Rice is one of the most widely grown crops in the world. It provides nearly one-fifth of calories worldwide and is planted on over 350 million acres worldwide and three million acres in the U.S. Since rice production emits methane, a potent greenhouse gas, it contributes disproportionately to climate change, emitting nearly 50% of global cropland greenhouse gas emissions. It also requires more water than most other commodity crops, exacerbating water scarcity in some areas. The environmental impact per unit of rice production is influenced by its yields, geographic conditions, as well as the technologies used in production. Studies in multiple countries ( China, Spain, Brazil and elsewhere) have found that organic rice production emits a similar or higher amount of greenhouse gas emissions per unit of rice compared to conventional production. This is largely because conventional production has higher yields, and so the methane emissions are spread across a greater amount of food. The Sustainable Gastronomy dinner highlights conventionally grown California rice. Typical California rice production involves plowing and laser-leveling the land, injecting nitrogen fertilizer into the soil, flooding the field, and planting seeds and applying pesticides by airplane. This use of sophisticated technology may appear energy intensive. Yet by efficiently using inputs and increasing yields – as much as 68% higher than organic production – the carbon footprint of conventional California rice is lower than in most parts of the world. Additionally, there is a state program to incentivize growers to adopt practices that further reduce their emissions. One trade-off is that California growers must heavily irrigate rice. Yet it is a surprisingly water-efficient crop. Although rice uses more water per acre than many other crops, it produces more calories per unit of water than many of California’s other top crops. This is partially due to the laser-leveling, which minimizes water losses, as well as the high yields and calorie-density of rice.





 

Non-Browning Apples


Each year nearly one third of global food production and a similar proportion of U.S. food is never eaten. Wasted food generates about 9% of global greenhouse gas emissions, in part due to methane emissions from decomposing food.
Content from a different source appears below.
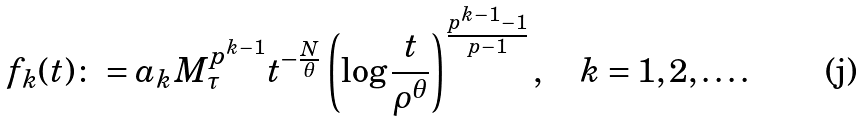<formula> <loc_0><loc_0><loc_500><loc_500>f _ { k } ( t ) \colon = a _ { k } M _ { \tau } ^ { p ^ { k - 1 } } t ^ { - \frac { N } { \theta } } \left ( \log \frac { t } { \rho ^ { \theta } } \right ) ^ { \frac { p ^ { k - 1 } - 1 } { p - 1 } } , \quad k = 1 , 2 , \dots .</formula> 
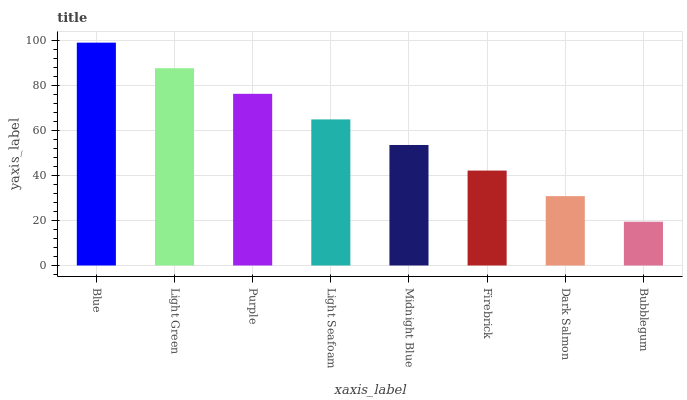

Additionally, up to one-fifth of the world’s fertilizer, freshwater and cropland use is used for food that is wasted or otherwise lost. Consumers throw out up to 25% of apples, the most widely eaten fruit in the U.S., often for aesthetic reasons, and up to 40% of apples may be lost throughout the entire supply chain, mostly due to bruising and browning. The Sustainable Gastronomy dinner features the Golden Arctic Apple, a variety of Golden Delicious that browns and bruises less. The apple was originally developed through biotechnology by a small Canadian company, Okanagan Specialty Fruits. Using a technique called RNA interference, or gene silencing, they reduced the activity of the enzyme in the apple that leads to browning. By eliminating superficial bruising and browning, the Arctic Apple holds the potential to dramatically reduce consumer food waste once it enters the market this year.